Several issues with floor mats becoming stuck under the accelerator pedal have left Toyota open to possible class action and individual lawsuits. It is claimed that Toyota knew that there was a problem with the mats more than two years ago.
In a New York Times article dated October 1, 2009, a National Highway Traffic Safety Administration investigation was identified as early as 2007, due to reports that 2007 Lexus ES 350 owners were experiencing problems with unexplained, sudden acceleration.
In 2007, Troy Johnson was killed when his car was rear-ended by a Toyota Camry when the owner lost control of the car. Court reports show the Camry was traveling at nearly 125 miles an hour when it hit the Honda. Johnson’s wife successfully sued Toyota, wining an undisclosed amount of damages. The crux of the case involved the liability of Toyota and the clearing of the driver, who survived the crash, from any personal liability.
Since this time, Johnson’s wife has repeatedly urged Toyota to act to prevent further deaths from this defect, and, to date, Toyota has declined to comment on the case. Much has been heard in the press about this issue with customers who have experienced the issue becoming increasingly vocal in an effort to prevent more deaths from the problem.
The investigation into cases involving the floor mats is still open and those involved in Toyota floor mat-related accidents are hopeful that upcoming results will bring about closure.
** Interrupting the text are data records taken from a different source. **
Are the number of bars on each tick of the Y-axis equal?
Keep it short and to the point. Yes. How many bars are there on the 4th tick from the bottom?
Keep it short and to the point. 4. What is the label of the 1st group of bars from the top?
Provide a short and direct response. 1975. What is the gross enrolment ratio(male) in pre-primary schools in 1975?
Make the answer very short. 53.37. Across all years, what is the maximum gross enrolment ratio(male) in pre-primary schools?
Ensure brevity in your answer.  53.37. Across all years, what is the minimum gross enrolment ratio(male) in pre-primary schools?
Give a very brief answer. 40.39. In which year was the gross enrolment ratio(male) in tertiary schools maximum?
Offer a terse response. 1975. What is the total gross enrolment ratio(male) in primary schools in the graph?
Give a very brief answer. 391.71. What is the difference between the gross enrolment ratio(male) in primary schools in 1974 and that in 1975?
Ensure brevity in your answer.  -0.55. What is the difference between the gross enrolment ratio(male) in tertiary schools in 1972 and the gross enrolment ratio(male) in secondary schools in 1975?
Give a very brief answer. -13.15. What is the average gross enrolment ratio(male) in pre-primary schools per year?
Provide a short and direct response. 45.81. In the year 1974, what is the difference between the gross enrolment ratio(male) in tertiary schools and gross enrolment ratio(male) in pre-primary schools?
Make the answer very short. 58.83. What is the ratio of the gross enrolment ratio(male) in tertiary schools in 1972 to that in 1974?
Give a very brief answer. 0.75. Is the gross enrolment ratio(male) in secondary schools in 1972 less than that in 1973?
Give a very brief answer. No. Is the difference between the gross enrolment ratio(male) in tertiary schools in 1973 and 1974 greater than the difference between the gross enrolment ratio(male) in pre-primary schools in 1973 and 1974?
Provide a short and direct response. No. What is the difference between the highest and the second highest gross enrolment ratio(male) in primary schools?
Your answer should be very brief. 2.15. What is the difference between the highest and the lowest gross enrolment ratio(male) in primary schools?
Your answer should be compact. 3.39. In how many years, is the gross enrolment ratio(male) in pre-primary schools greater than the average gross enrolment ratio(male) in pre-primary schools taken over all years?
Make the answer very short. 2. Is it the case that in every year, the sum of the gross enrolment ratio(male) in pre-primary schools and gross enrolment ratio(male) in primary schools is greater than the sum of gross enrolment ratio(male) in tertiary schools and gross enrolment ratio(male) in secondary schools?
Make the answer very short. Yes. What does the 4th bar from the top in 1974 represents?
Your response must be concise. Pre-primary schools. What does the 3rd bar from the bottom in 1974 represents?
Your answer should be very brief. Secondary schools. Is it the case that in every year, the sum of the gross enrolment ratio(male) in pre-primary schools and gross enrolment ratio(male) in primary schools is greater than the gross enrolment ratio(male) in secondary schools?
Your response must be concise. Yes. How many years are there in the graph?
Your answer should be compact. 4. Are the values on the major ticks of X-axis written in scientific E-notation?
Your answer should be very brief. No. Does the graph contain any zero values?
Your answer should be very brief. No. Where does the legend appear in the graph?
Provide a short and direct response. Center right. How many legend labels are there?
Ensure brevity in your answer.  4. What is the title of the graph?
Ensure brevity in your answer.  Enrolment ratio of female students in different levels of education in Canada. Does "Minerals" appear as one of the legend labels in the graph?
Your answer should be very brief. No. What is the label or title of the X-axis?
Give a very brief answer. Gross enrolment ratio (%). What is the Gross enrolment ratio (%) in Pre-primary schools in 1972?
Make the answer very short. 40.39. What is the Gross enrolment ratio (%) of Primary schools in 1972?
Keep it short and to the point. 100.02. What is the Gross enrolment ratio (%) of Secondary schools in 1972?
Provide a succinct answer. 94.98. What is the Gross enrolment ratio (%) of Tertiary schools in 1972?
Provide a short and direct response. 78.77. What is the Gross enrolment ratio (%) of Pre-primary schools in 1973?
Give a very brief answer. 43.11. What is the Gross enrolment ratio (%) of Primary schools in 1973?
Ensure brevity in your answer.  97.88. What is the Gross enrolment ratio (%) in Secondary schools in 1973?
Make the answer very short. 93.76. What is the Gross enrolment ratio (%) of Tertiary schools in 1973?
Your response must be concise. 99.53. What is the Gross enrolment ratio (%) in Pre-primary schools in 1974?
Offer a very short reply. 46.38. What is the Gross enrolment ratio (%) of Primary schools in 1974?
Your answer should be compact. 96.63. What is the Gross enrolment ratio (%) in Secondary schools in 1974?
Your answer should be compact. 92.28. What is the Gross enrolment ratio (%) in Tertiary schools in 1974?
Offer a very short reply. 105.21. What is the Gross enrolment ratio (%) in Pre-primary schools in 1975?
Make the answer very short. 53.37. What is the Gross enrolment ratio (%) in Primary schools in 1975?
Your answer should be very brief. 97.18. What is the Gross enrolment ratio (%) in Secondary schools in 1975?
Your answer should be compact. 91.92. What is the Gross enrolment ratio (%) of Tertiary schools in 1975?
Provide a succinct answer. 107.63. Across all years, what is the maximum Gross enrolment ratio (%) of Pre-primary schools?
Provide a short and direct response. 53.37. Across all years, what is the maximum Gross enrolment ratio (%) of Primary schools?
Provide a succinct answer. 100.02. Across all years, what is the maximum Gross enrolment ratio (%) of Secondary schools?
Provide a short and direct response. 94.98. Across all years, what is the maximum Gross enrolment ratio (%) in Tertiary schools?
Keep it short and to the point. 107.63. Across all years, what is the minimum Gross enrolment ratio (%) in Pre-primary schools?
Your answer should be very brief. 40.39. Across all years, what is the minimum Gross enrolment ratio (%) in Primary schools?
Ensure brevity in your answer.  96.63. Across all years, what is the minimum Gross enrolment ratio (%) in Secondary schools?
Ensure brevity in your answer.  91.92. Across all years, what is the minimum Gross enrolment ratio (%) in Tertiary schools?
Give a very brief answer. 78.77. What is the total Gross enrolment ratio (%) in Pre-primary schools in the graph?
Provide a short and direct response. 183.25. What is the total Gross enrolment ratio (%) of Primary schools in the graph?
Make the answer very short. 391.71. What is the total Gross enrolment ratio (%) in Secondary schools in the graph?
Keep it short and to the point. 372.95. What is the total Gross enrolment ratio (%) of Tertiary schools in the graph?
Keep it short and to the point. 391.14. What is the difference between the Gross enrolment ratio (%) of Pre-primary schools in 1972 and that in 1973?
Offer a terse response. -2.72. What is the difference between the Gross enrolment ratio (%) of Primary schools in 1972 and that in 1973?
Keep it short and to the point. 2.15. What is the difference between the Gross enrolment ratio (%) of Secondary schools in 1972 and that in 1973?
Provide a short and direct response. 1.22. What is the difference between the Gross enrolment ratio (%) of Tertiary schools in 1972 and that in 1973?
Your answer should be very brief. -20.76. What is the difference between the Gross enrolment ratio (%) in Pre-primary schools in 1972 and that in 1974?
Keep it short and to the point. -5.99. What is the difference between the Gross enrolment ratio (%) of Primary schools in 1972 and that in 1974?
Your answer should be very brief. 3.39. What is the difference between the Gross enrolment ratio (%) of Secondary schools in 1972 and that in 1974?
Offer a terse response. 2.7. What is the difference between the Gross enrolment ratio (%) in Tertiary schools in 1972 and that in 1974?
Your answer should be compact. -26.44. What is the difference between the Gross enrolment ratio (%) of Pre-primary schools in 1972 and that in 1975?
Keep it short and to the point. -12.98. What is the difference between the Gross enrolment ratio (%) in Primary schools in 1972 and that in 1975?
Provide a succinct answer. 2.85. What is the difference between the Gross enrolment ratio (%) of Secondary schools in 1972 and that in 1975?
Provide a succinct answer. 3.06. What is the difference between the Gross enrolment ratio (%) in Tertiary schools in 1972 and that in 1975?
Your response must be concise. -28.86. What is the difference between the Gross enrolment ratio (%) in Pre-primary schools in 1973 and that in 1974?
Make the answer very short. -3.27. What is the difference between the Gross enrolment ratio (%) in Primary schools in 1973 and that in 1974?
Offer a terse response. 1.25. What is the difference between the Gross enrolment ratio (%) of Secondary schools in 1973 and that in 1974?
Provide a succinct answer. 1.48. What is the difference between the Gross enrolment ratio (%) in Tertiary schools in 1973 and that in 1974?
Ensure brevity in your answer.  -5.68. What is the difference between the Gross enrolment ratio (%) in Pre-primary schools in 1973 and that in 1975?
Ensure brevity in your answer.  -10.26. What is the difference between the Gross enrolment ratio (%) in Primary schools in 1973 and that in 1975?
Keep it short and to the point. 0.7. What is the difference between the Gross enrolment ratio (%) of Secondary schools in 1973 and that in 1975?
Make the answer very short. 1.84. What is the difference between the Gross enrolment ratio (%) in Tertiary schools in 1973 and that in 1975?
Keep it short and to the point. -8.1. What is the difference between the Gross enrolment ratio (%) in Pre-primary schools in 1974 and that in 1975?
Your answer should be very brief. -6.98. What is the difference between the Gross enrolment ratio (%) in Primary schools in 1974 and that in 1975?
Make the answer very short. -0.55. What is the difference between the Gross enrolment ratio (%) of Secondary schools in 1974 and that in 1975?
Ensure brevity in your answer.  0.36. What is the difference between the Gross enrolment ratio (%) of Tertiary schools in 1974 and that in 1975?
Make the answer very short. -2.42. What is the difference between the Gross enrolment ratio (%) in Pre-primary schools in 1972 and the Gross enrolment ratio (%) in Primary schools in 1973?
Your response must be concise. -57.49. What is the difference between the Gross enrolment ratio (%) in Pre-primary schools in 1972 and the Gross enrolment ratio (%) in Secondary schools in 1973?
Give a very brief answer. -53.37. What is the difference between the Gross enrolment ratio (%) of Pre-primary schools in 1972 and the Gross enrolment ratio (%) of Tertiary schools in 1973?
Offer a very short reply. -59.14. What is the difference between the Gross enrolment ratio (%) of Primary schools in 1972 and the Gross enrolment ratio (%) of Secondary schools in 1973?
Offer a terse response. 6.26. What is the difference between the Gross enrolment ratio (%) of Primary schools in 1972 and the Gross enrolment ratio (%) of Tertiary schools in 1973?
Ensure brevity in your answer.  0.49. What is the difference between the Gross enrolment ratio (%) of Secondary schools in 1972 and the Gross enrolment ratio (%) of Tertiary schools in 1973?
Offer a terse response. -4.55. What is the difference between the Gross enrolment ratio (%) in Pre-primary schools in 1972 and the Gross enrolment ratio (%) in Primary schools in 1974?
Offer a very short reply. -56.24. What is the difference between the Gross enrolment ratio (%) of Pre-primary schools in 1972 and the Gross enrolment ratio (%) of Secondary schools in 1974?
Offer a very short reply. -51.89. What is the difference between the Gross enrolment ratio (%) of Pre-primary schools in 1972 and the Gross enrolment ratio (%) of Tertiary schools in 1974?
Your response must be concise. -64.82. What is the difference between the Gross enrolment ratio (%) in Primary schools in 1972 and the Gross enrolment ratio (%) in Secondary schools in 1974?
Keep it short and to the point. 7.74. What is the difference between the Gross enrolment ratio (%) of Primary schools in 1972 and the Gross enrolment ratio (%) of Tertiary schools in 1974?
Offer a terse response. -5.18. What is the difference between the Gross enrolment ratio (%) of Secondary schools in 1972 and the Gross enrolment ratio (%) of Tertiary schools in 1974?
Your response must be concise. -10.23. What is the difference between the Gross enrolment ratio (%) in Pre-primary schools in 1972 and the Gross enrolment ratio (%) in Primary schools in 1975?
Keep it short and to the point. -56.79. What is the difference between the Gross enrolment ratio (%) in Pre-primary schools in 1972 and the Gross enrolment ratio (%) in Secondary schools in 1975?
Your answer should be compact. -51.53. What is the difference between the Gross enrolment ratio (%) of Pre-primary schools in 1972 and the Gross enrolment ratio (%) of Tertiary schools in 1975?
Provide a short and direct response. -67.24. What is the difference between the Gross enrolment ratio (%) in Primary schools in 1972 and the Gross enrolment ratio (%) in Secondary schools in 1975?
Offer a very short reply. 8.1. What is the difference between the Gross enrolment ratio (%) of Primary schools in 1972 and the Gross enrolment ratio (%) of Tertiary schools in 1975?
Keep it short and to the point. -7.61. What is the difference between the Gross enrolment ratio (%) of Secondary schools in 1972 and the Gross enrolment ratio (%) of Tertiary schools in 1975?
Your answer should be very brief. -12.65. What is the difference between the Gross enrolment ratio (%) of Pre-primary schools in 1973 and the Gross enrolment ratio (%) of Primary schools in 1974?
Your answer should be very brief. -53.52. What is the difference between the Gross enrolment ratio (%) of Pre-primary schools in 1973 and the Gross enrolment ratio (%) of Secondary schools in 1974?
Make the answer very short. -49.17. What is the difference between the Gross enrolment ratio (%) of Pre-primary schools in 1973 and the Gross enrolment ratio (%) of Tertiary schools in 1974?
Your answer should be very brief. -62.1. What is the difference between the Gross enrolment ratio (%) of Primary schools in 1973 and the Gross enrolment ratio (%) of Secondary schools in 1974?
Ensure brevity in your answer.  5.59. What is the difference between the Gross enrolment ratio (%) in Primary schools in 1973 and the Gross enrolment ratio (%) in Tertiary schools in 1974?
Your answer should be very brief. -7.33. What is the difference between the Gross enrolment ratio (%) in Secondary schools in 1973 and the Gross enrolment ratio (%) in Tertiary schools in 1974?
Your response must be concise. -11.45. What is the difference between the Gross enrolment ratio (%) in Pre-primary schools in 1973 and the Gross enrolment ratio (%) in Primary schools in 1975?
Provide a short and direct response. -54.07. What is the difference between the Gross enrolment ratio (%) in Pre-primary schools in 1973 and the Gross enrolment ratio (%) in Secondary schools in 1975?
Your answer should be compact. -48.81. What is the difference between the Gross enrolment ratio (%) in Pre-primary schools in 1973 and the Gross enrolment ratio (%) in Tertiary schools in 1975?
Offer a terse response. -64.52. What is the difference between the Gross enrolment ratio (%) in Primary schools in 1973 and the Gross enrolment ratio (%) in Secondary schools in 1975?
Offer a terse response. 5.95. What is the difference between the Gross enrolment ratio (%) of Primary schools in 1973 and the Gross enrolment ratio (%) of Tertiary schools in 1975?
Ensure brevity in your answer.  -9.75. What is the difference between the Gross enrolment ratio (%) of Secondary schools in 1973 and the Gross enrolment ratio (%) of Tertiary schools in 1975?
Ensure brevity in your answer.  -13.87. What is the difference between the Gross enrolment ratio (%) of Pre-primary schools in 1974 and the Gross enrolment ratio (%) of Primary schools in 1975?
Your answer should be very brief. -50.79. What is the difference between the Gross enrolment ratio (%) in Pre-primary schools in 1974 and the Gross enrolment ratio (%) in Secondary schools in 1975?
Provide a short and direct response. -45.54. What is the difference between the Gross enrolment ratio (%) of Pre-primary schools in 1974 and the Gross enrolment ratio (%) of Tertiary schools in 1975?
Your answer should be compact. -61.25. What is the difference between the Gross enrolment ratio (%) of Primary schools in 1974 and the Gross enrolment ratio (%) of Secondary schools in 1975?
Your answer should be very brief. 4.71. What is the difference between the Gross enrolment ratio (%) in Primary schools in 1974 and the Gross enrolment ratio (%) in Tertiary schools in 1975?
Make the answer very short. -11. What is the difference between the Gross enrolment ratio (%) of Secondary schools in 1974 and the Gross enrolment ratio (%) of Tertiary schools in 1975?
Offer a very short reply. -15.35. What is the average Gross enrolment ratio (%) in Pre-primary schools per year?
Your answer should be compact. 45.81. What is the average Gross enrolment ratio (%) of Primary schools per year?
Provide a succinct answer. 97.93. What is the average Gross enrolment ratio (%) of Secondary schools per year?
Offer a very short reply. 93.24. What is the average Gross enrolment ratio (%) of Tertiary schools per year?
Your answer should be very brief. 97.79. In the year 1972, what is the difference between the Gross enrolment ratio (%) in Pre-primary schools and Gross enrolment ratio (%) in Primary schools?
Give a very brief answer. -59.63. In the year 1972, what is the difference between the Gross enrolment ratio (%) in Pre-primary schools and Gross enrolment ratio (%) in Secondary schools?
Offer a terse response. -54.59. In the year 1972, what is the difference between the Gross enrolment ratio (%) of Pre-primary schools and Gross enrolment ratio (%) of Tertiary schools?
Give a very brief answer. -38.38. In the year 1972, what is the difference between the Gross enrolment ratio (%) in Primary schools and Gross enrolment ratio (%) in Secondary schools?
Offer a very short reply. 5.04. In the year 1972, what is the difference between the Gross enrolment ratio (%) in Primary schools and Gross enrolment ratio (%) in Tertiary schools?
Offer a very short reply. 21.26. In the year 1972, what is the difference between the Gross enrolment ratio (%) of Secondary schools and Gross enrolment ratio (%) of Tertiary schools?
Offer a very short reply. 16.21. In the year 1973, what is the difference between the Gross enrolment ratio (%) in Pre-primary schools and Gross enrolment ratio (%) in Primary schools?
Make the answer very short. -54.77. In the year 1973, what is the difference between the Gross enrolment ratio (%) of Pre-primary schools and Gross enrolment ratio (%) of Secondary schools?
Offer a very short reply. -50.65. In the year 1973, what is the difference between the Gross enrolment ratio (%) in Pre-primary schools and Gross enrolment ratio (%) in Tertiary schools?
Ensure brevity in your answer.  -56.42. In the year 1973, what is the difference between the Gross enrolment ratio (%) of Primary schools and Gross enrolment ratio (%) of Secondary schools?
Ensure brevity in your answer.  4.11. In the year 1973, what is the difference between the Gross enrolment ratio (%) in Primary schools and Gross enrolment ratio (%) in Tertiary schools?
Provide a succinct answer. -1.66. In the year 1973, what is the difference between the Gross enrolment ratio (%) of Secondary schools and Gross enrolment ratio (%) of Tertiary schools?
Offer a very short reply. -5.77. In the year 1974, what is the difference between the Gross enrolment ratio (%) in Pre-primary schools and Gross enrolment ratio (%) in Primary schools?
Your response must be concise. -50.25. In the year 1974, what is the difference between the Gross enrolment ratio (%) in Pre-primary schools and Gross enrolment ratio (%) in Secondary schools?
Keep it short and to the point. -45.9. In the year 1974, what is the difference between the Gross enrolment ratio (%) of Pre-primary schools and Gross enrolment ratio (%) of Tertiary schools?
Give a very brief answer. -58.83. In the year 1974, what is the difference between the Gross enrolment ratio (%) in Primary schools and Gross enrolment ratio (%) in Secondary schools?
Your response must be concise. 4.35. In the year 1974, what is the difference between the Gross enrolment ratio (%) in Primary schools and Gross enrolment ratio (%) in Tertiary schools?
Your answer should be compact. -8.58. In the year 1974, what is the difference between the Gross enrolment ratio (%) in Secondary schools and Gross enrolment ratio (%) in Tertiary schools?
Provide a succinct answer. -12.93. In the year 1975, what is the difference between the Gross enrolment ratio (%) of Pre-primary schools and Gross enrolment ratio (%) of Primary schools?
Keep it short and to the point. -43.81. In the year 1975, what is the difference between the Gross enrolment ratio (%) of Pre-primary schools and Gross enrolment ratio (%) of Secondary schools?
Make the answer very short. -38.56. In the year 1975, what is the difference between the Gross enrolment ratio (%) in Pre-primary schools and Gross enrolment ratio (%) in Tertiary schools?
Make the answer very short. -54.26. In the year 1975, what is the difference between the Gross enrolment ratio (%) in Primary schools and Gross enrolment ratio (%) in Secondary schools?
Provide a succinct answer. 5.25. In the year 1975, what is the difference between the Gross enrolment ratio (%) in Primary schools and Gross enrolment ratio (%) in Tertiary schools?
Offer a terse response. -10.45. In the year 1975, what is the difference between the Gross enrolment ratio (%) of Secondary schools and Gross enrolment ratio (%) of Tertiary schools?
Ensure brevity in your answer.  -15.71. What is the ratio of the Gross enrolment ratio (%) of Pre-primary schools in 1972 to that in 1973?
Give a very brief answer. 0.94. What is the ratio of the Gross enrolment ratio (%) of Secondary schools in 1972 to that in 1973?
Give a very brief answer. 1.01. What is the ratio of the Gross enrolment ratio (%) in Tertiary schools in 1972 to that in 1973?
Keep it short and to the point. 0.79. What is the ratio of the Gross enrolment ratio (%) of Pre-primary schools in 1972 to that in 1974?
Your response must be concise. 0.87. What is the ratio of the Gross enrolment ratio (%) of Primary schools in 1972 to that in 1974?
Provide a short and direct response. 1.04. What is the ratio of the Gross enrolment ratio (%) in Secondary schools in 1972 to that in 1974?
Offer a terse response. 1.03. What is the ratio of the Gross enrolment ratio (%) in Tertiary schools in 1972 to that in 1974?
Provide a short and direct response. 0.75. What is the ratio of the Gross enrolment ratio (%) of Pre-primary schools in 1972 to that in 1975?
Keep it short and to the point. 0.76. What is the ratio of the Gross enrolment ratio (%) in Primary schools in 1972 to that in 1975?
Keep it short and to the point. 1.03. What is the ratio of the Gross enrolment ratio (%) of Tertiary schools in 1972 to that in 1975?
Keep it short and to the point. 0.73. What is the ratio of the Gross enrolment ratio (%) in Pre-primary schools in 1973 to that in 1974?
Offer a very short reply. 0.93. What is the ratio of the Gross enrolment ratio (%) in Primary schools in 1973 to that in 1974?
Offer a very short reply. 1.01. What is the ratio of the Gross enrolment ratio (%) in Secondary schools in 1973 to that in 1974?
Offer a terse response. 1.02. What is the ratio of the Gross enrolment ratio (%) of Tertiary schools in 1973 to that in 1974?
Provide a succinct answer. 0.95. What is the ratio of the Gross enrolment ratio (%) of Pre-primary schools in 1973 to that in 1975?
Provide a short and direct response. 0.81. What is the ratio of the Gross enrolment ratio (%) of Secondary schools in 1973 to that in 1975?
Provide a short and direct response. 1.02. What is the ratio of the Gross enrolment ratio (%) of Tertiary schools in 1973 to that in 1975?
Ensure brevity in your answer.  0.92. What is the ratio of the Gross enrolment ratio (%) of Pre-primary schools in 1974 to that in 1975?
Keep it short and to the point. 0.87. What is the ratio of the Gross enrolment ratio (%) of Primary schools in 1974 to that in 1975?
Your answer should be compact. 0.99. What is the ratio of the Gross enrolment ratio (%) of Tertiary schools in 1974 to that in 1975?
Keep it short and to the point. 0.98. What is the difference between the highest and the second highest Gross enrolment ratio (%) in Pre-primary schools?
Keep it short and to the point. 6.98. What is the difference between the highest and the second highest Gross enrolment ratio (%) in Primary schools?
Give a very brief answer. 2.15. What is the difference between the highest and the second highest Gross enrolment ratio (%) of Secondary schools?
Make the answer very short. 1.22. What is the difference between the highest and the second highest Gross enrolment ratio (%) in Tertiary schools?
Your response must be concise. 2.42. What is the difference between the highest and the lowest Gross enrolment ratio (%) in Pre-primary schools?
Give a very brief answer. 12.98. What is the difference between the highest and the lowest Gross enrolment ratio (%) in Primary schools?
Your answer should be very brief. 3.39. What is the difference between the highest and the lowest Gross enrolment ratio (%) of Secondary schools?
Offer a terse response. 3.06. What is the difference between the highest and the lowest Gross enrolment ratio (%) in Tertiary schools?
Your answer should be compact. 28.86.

Chris Chan Park and his friend, Seong Bae Choi, two San Francisco residents, are seeking class action status for their suit against Toyota for lack of proper action on vehicles made since 2001 with defects leading to uncontrollable acceleration. The pair claims that between their two Toyotas, a 2004 Camry and a 2008 FJ Cruiser, they have experienced many incidents of the accelerator pedal glitch, causing them great concern. The results may set legal precedents to be applied to other cases not yet tried in court.
Approximately 2,000 incidents involving issues with increased acceleration due to floor mats in Toyota vehicles have been reported. Another issue under examination during these cases is a possible programming glitch that causes accelerators to malfunction. Speculation in the press indicates Toyota may receive official criticism about the way they handled early reports of problems.
At least 300 cases regarding new evidence relating to extreme amounts of unexplained acceleration in Toyota cars have been reopened. There is a possibility evidence may have been destroyed by Toyota staff, in an attempt to hide facts about car defects and communications issued to dealerships that were concerned following customer reports of strange acceleration problems.
Roughly 3.8 million vehicles are involved in the recall of Toyota cars. These vehicles will all be checked for floor mat defects, though it is unclear whether other faults, such as throttle design and computer programming glitches will also be repaired, since there is some debate over how much these other problems are to blame for the accidents.
The National Highway Traffic Safety Administration has conducted six different investigations about runaway Toyotas since 2007.
With Toyota’s ex-lawyer suing the company on behalf of plaintiffs who have received injuries or sustained losses from the company’s products, it seems Toyota may be devoting much time and money to litigation and attending court proceedings in the coming years. There is a lot of information in the public domain that suggests any lawsuits joined against the company will meet with some success, since there are already several cases on record where the victims have won compensation. This typically results in the filing of additional lawsuits, once a few ground-breaking cases have proved successful.